The fall of the MBA
For months, a large number of 2023 MBA graduates searching for jobs have collided with a slowdown in hiring for well-paid, white-collar positions. An MBA can cost more than $200,000 at a top school but typically pays off as a launchpad for a new, more lucrative career or the corporate leadership fast track. Many in the spring class of 2023 say they are still awaiting that payoff. These MBAs entered the job market just as three sectors that heavily recruit them — consulting, tech and finance — hit downturns and put the brakes on hiring. Some graduates with consulting jobs have had their start dates pushed to later this year. Meanwhile, the number of openings in software development, marketing, banking and other professional fields has fallen from a year ago. At Harvard Business School, 20pc of job-seeking 2023 MBA graduates didn’t have one three months after graduation, up from 8pc in 2021. At Stanford’s Graduate School of Business, 18pc didn’t, compared with 9pc in 2021.

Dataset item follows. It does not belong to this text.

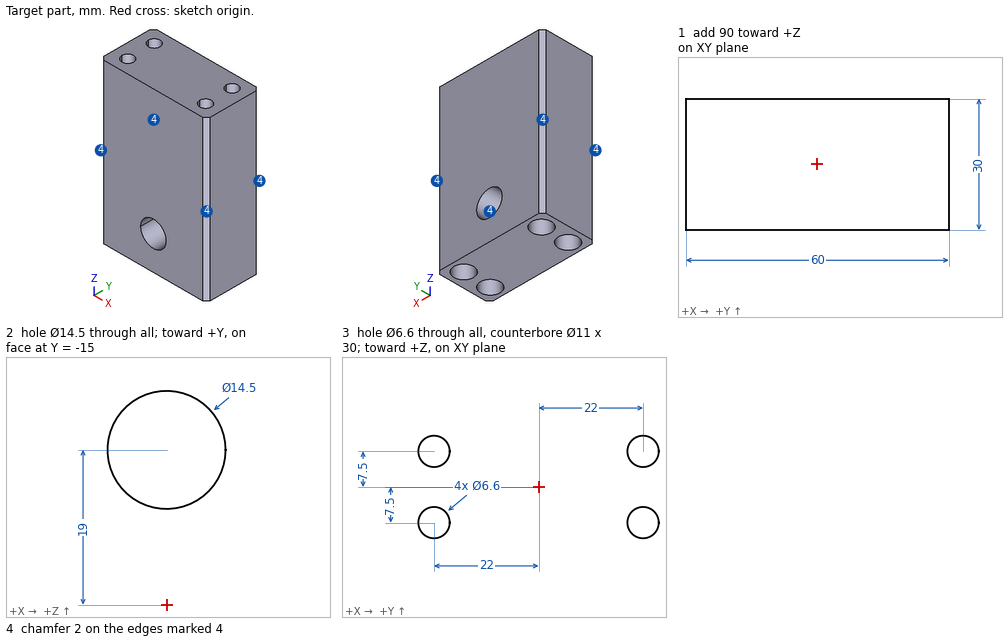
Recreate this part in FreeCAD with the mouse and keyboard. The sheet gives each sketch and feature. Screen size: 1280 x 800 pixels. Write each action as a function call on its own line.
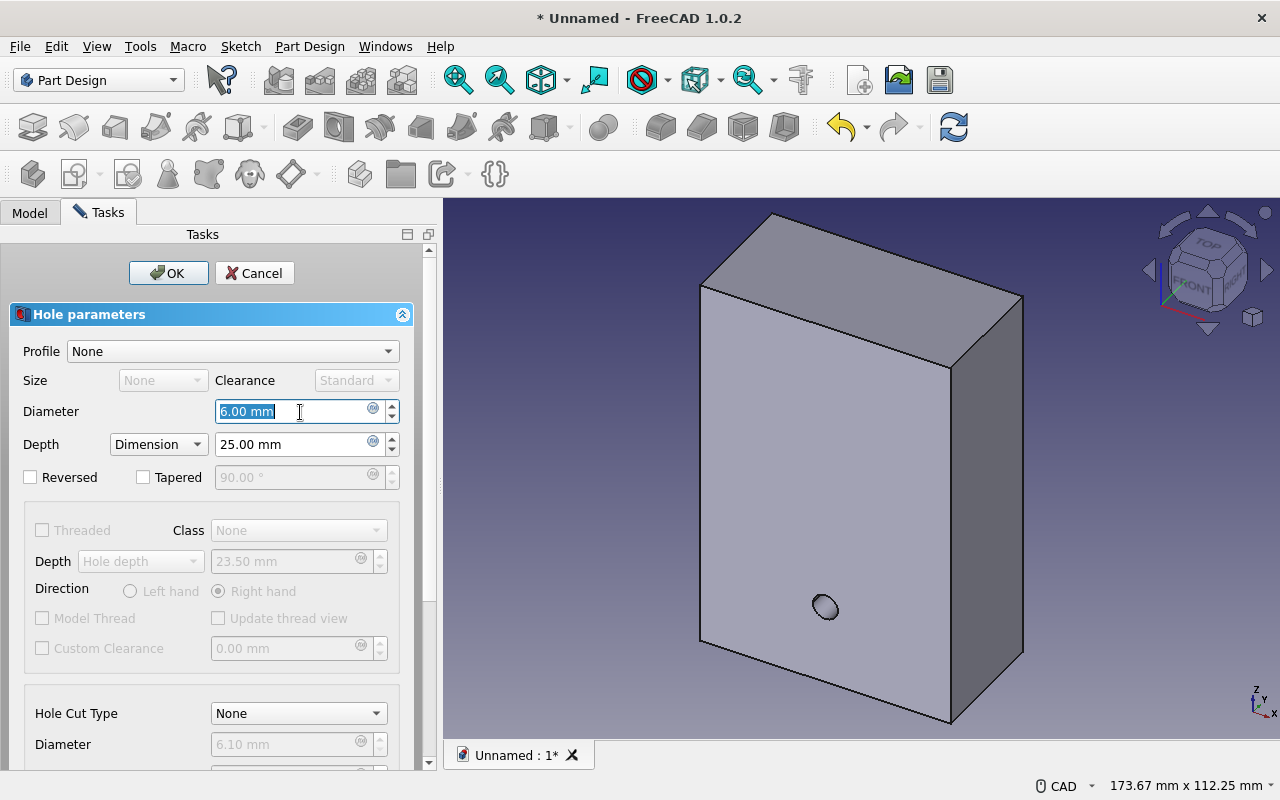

(Adapted from “The MBAs Who Can’t Find Jobs,” by Lindsay Ellis, published on January 15, 2024, by The Wall Street Journal)
Sluggish consumption
For a country of 1.4bn people, leaving spending to 100m top earners in India will store up trouble in the future. China’s consumption funk is a cautionary tale. The most-populous nation no longer needs qualifiers like “the world’s fastest-growing free-market democracy” to highlight its exceptionalism. At 7.3pc, it’s expanding quicker than any other major economy. Nor does New Delhi need to apologise for frequent political change: Narendra Modi has been prime minister for the past decade, and will most likely win a third five-year term. But there is a catch. The structure of the Indian economy is also turning Chinese, or at least exhibiting characteristics associated with the People’s Republic. The world’s second-largest economy has relied too much on investment, and suppressed consumption. Continuing with the status quo may worsen its debt overhang. Private purchases of goods and services in inflation-adjusted terms are crawling at just 4.4pc, its second-slowest pace in more than two decades and much more sluggish than the broader economy.

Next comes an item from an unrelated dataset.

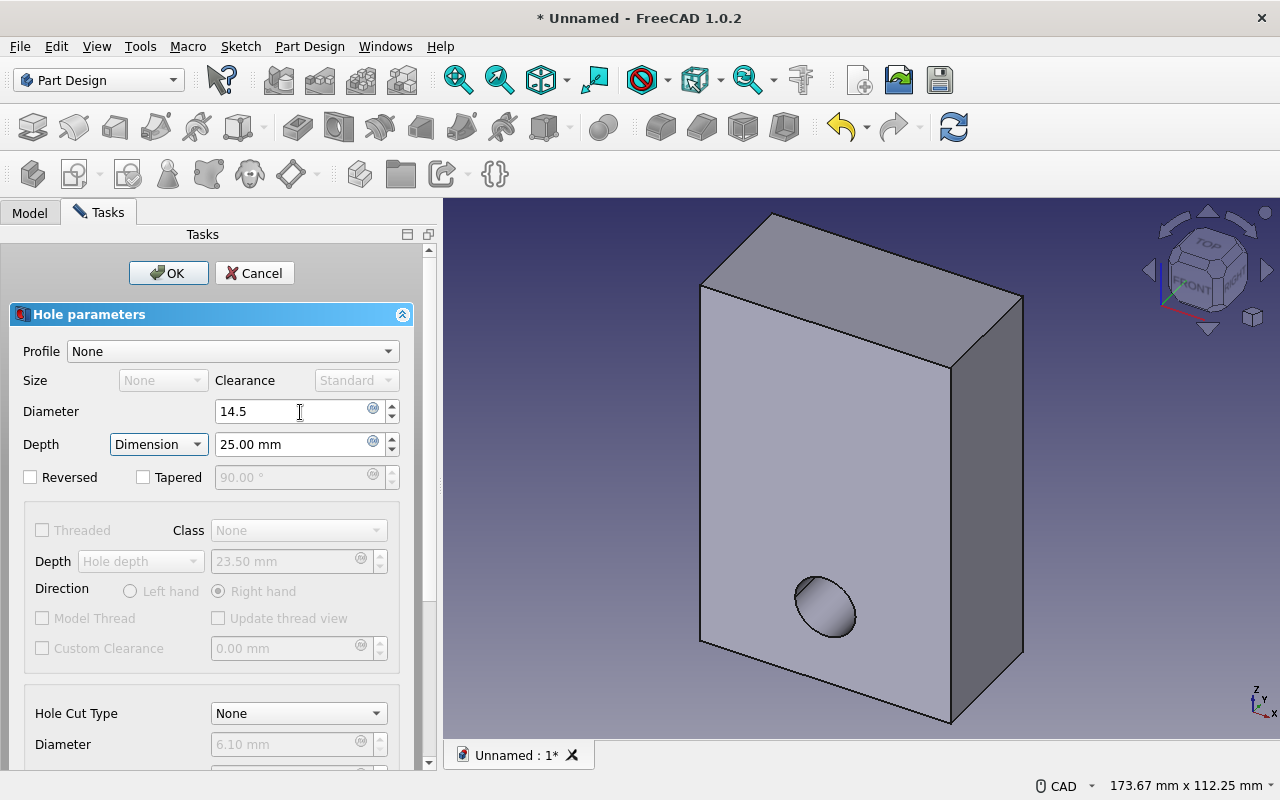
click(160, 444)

(Adapted from “India’s Growth Has Chinese Characteristics,” by Andy Mukherjee, published on January 17, 2024, by Bloomberg)
Making work less boring
Every job can be a little bit boring sometimes. But the good news is that creativity goes a long way when it comes to making even the most boring parts of your job a little more fun. If you’re struggling to get through your to-do list this week, try one of these approaches: 1) Listen to your favourite music while replying to emails. 2) Making too many phone calls today? Can you make it more enjoyable by working from your favourite café or an outdoor space with a nice view? 3) If you have boring research to do, give yourself permission to go down interesting rabbit holes every 20 to 30 minutes. 4) Convert your weekly status update meetings into a walking meeting so everyone can get some fresh air while also working. 5) If you have long drives to meetings, catch up with friends or family over a call. 6) Need to send out 300 physical invites for the year-end event? Pair the activity with a movie you’ve been meaning to watch.

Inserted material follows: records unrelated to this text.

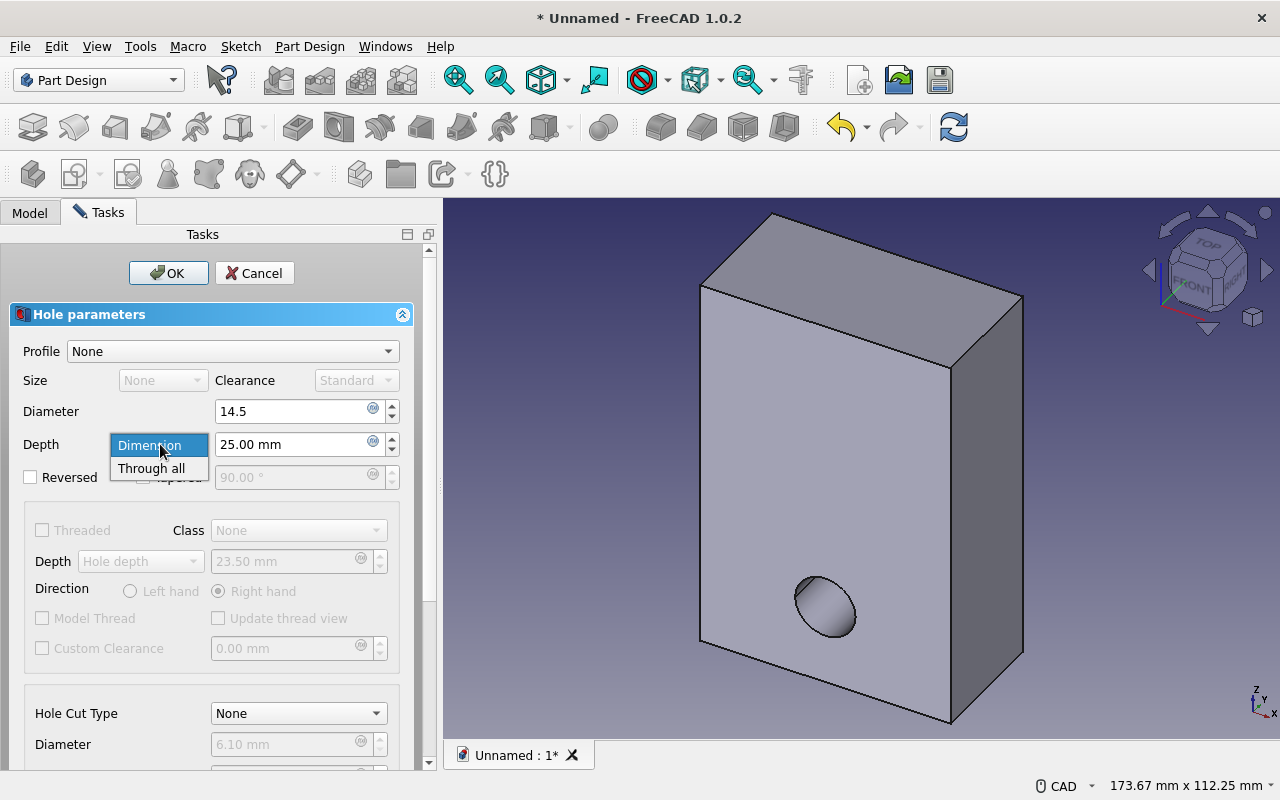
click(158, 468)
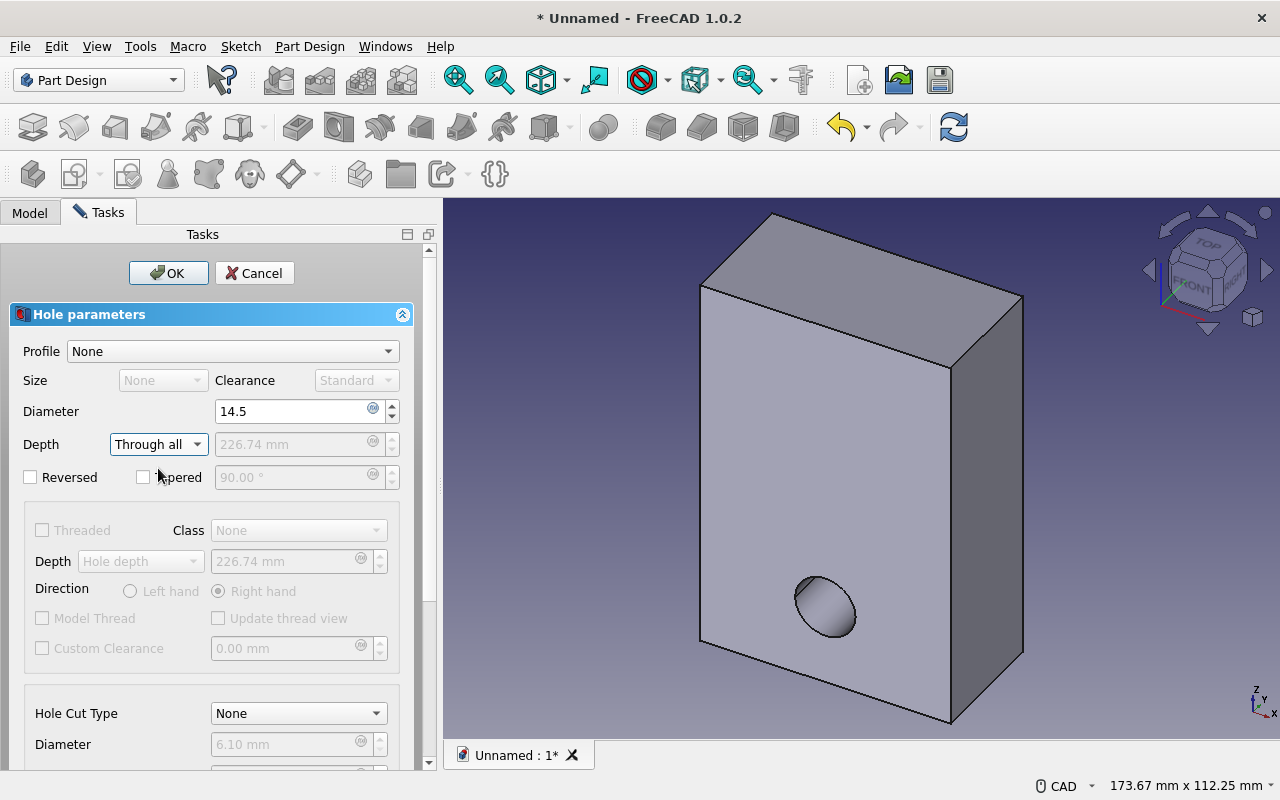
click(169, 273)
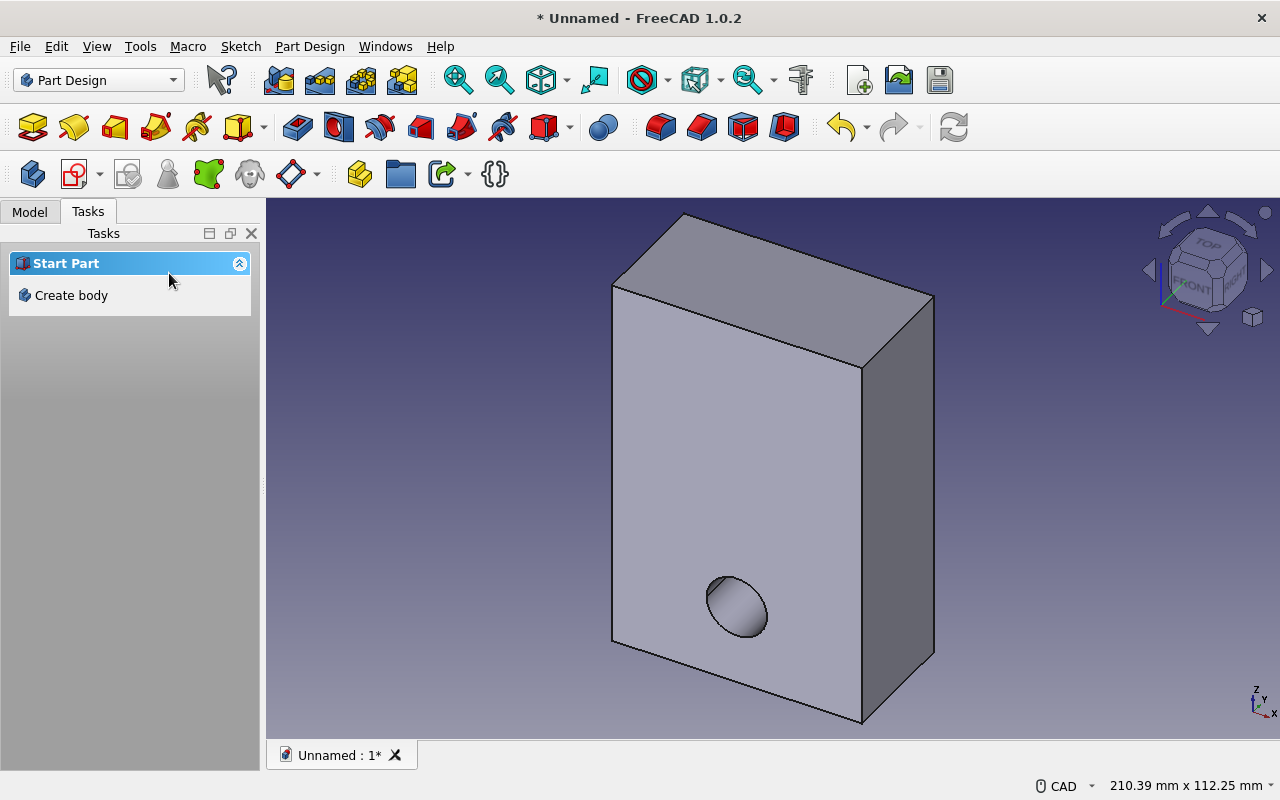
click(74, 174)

(Adapted from “Boring Work Doesn’t Need To Feel Painful,” by Amantha Imber, published by HBR Ascend)
Saving American banks
Higher interest rates have brought America’s bankers both ruin and riches. Less than a year ago, rising rates caused Silicon Valley Bank (SVB) and then First Republic to fail, the largest bank collapses since 2008. Yet on January 12, JPMorgan Chase reported its seventh consecutive quarter of record net-interest income. One reason the crisis did not spread in 2023 is that the Federal Reserve contained it with a new loan programme. The bank term funding programme (BTFP) offers banks loans secured against the face value of Treasury bonds to stop wobbly banks having to sell treasuries to raise cash if depositors fled. The BTFP lends the face value, rather than the market value, of the securities against which its loans are secured and its generosity succeeded in stopping a potentially severe crisis.
(Adapted from “How America Accidentally Made A Free-Money Machine For Banks,” published on January 18, 2024, by The Economist)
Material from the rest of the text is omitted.